Vor einigen Tagen hat die Stadt ein historisches Jubiläum gefeiert. Naja. Hat sie nicht. Aber sie hätte können. Vor rund 85 Jahren hat sich hier auf dem Ferry Field (oben im Bild) nämlich der „größte Tag in der Geschichte der Leichtathletik“ zugetragen. Ich habe aus diesem Anlass eine kleine Pilgerfahrt dorthin unternommen.
Damals hat bei einem Uni-Wettkampf ein 21-jähriger Student aus Ohio innerhalb von 45 Minuten fünf Leichtathletik-Weltrekorde gebrochen und einen sechsten eingestellt. Nämlich über 100 yards, 220 yards Hürden, 200 Meter Hürden, 220 yards, 200 Meter und im Weitsprung (8,13 m – es war der erste offizielle Sprung eines Menschen über acht Meter. Der Rekord hat über mehr als 20 Jahre gehalten).

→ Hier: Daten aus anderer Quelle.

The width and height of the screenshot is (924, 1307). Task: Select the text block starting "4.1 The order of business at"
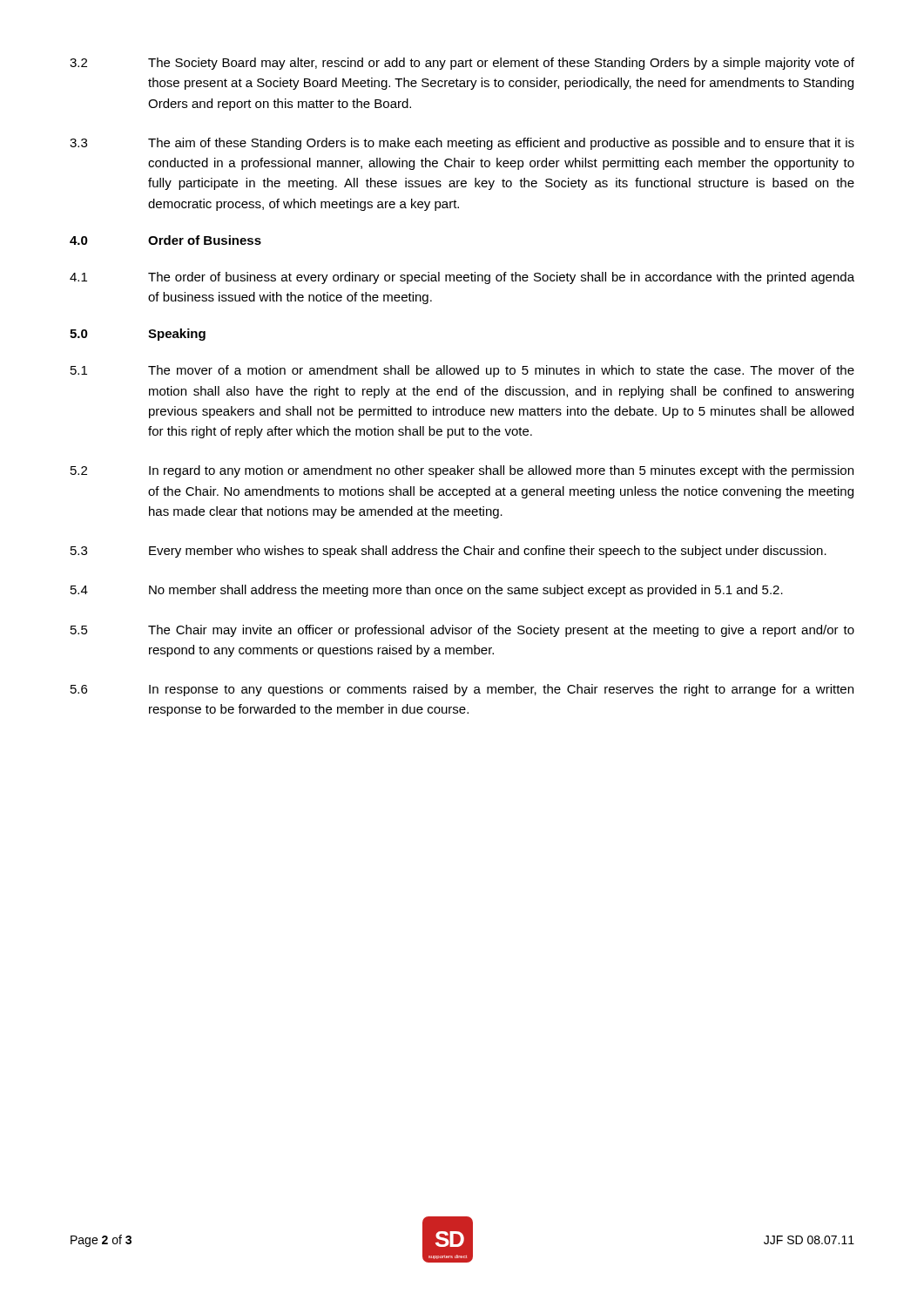(462, 287)

Angeblich hatte der Typ sich am Abend vorher sogar bei einer Balgerei leicht am Rücken verletzt. Sein Trainer soll über den Laufstil des jungen Athleten gesagt haben: „Von den Hüften an aufwärts bewegte er den Körper praktisch nicht – er hätte eine volle Kaffeetasse auf dem Kopf balancieren können und nichts davon verschüttet.“

Niemand interviewte den jungen Helden. Die Zeitungen sprachen nur von einem „Ohio State Negro“, der den Laden kräftig aufgemischt habe. Der Name des Mannes war Jesse Owens. Ein Jahr später holte er bei den Olympischen Spielen in Berlin vier Goldmedaillen und wurde zum größten Star der Spiele.

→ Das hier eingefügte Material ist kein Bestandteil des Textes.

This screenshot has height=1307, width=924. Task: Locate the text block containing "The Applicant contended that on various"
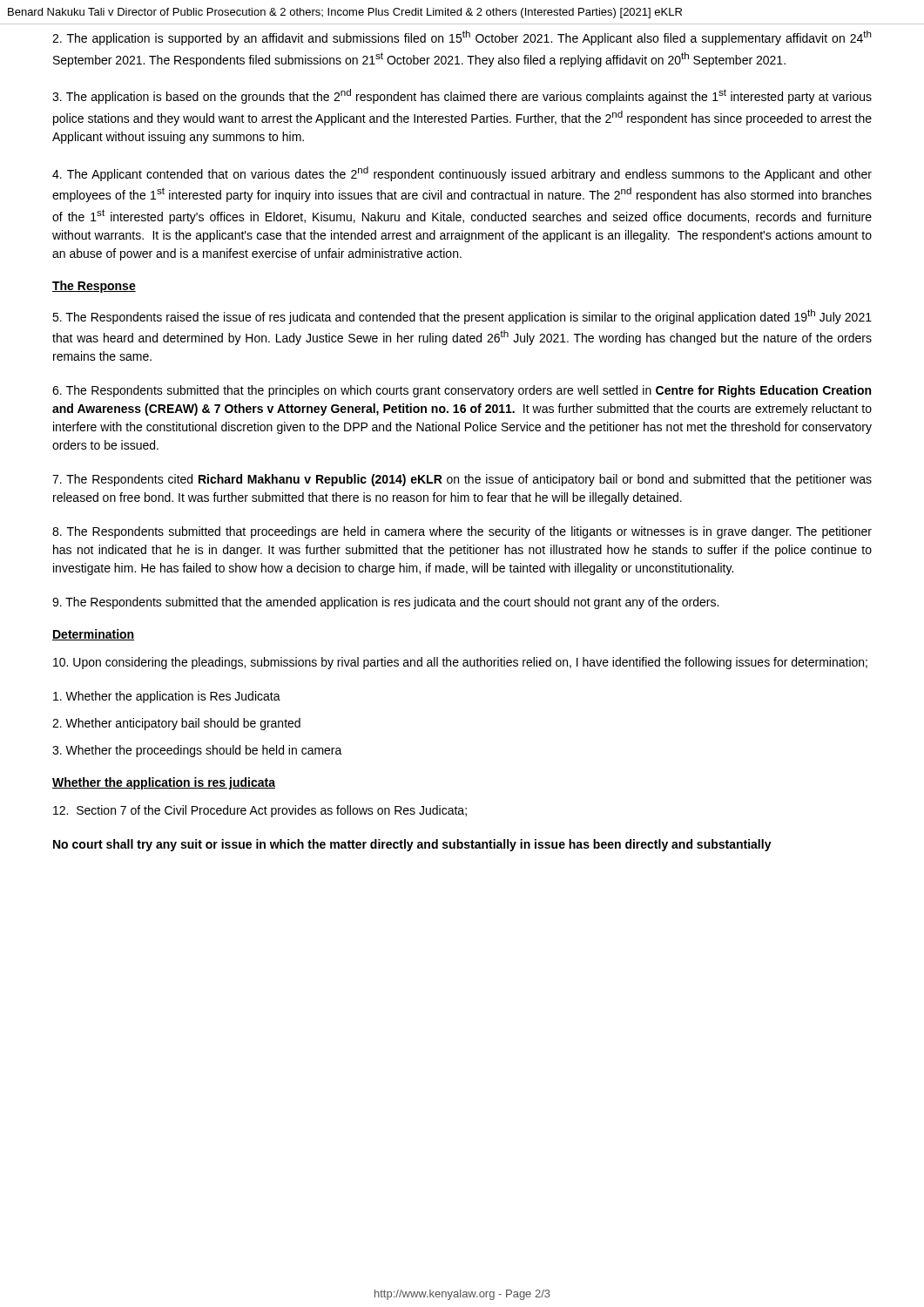pyautogui.click(x=462, y=212)
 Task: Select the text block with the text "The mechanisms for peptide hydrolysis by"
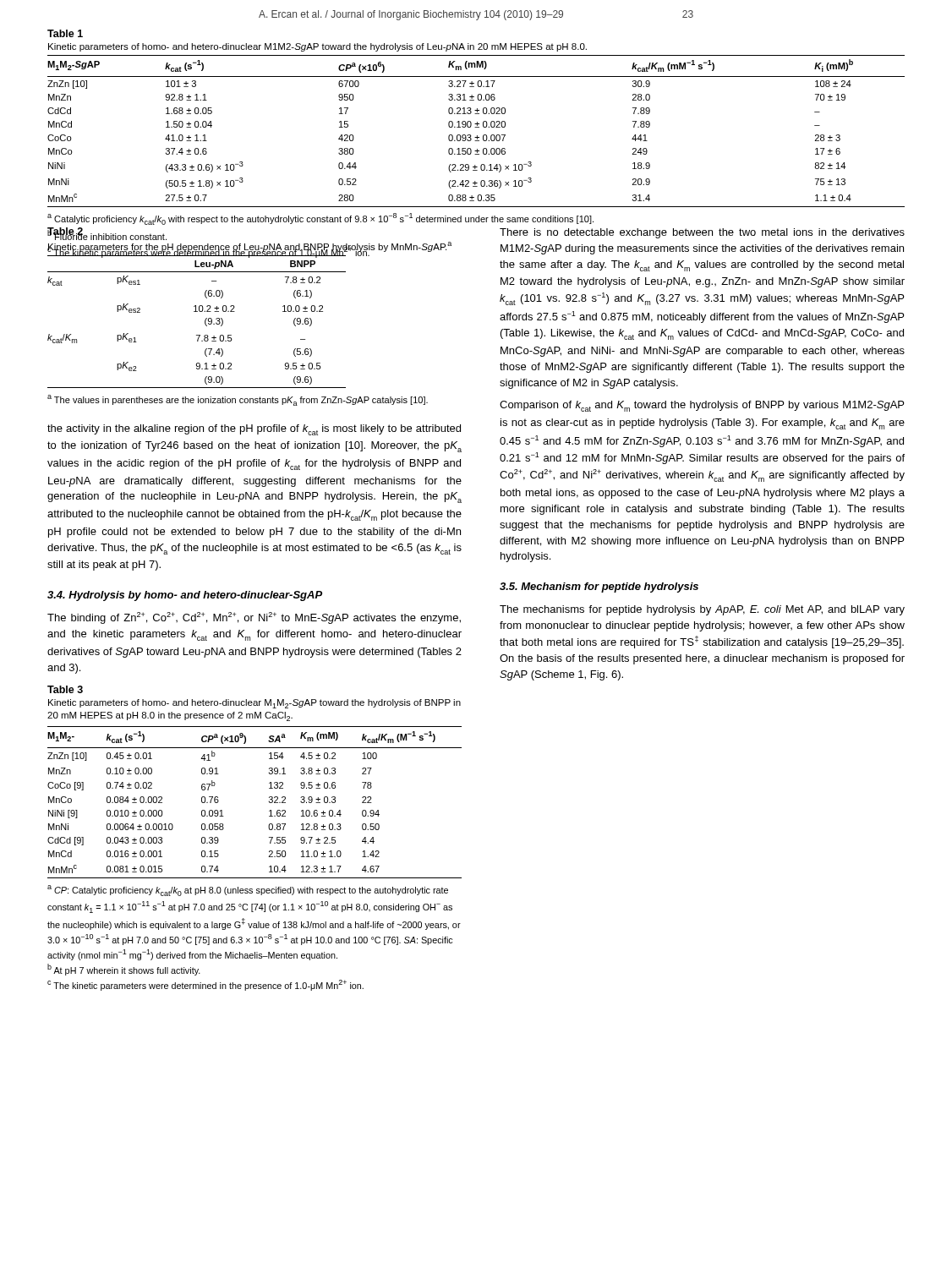pyautogui.click(x=702, y=642)
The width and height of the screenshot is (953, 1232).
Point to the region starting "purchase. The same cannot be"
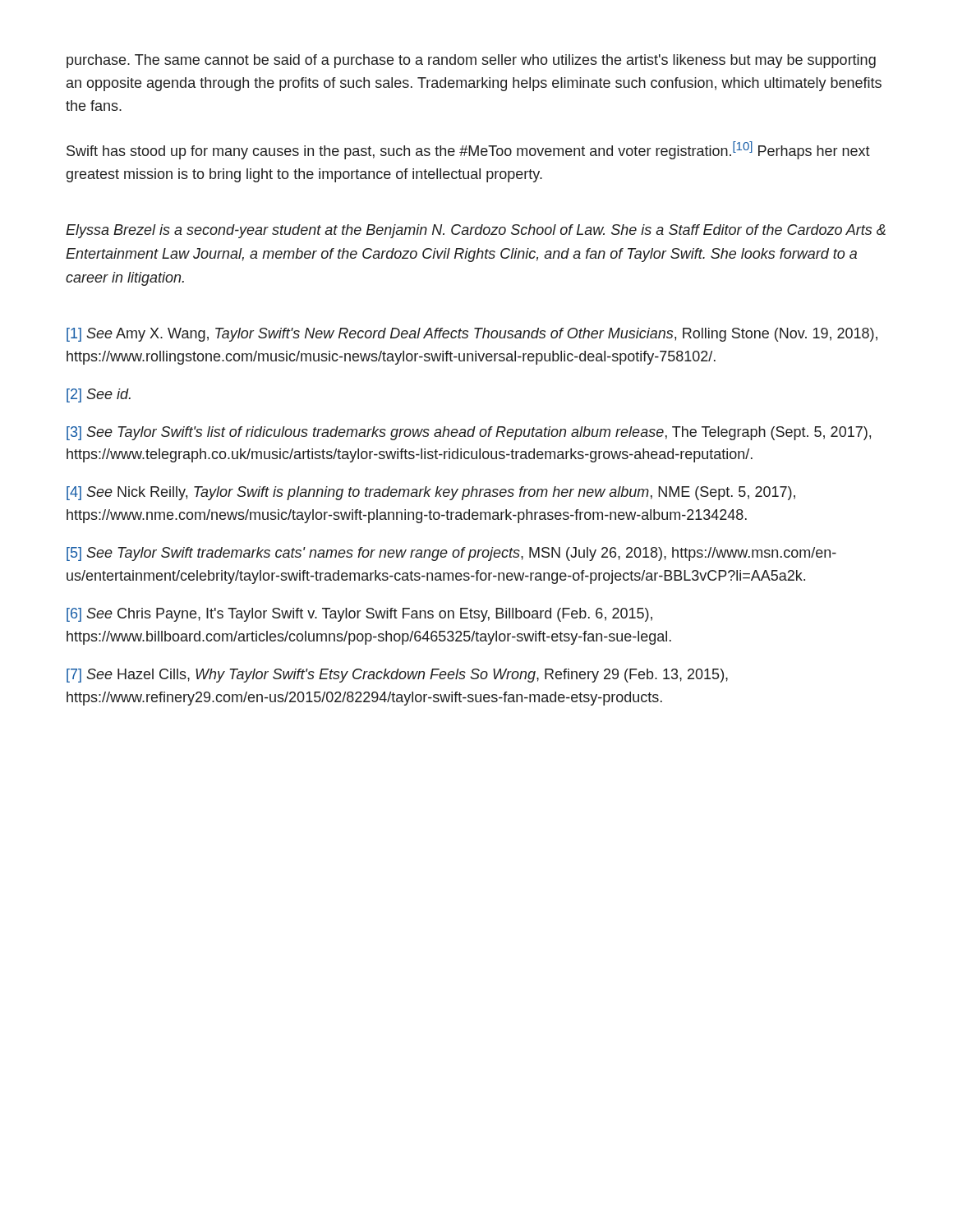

Heute erinnert eine Gedenktafel am Ferry Field an den großen Tag von Ann Arbor, den 25. Mai 1935. Sie unterschlägt zwei Weltrekorde: den über 200 Meter flach und den über 200 Meter Hürden. Die wurden Owens zusätzlich zugesprochen. 220 Yards sind nämlich ein bisschen länger als die 200 Meter – und Owens‘ Zeit war in beiden Läufen auch für die kürzere Strecke bis dahin unerreicht. Tja. Einer der wenigen Fälle, in denen die Amerikaner mal untertreiben (aber man muss sagen, dass die Leute hier im Mittleren Westen im Allgemeinen eh keine großen Aufschneider sind).

Wenn man in Ann Arbor eine Umfrage macht – ich wette, dass weniger als 20 Prozent der Leute jemals von der Jesse-Owens-Story gehört haben. Es ist nur Sport und es ist lange her. Aller Ruhm vergeht. Darf man nie vergessen. Trotzdem: ’ne Hammer-Geschichte, wie ich finde.

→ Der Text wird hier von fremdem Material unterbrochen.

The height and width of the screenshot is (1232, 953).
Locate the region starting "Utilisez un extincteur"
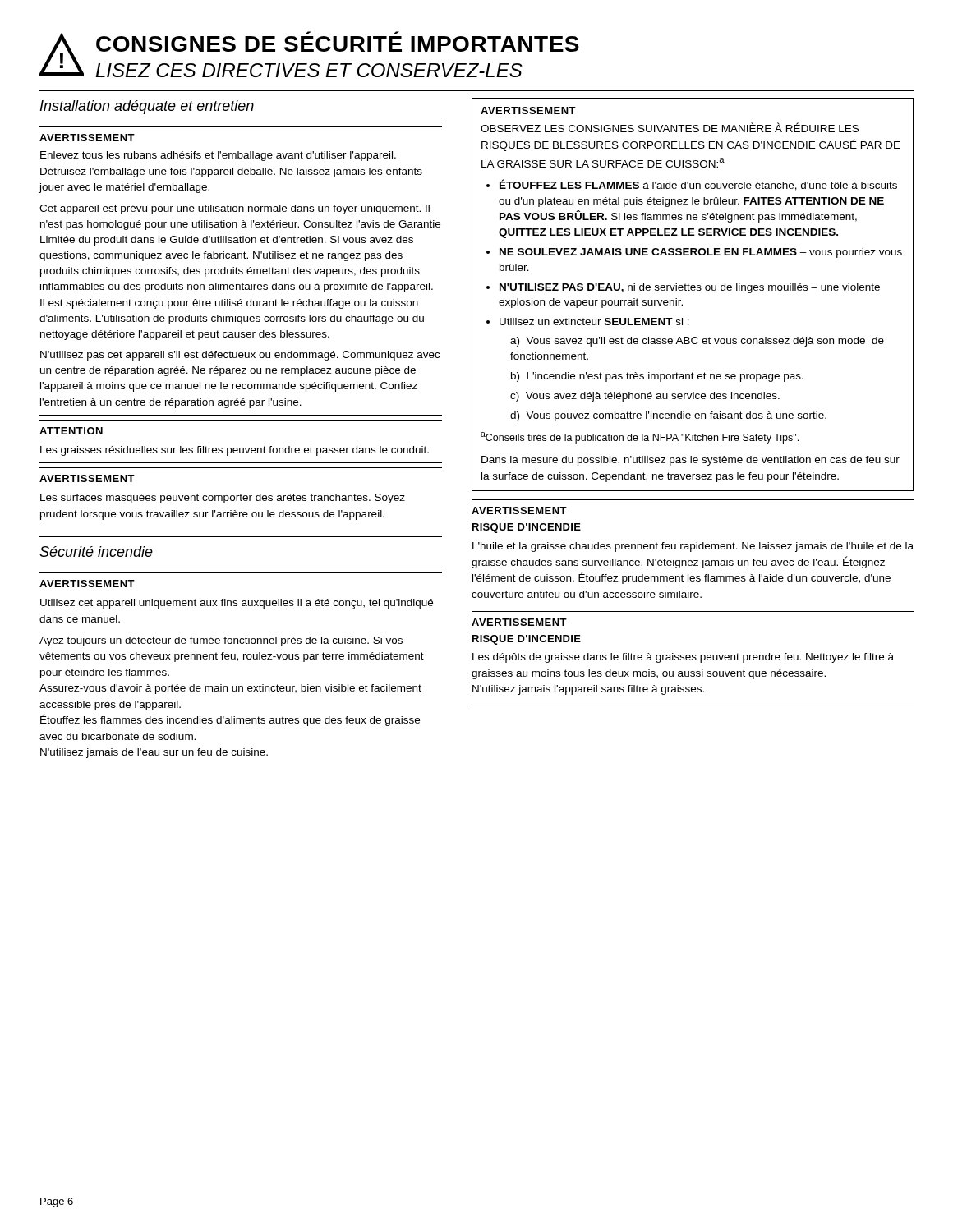click(x=702, y=370)

Danke fürs Erzählen. Es hat mich erschüttert, daß er nach dieser herausragenden Leistung von niemand interviewt wurde.
Ja, das ist erstaunlich. Ein Kollege schreibt: Die Sache mit dem Interview war damals noch nicht so üblich, wie das heute der Fall ist. Wann hat das angefangen? Und wo? Keine Ahnung. Ich mach mir eine Notiz.
Tolles Projekt habt Ihr da in Berlin.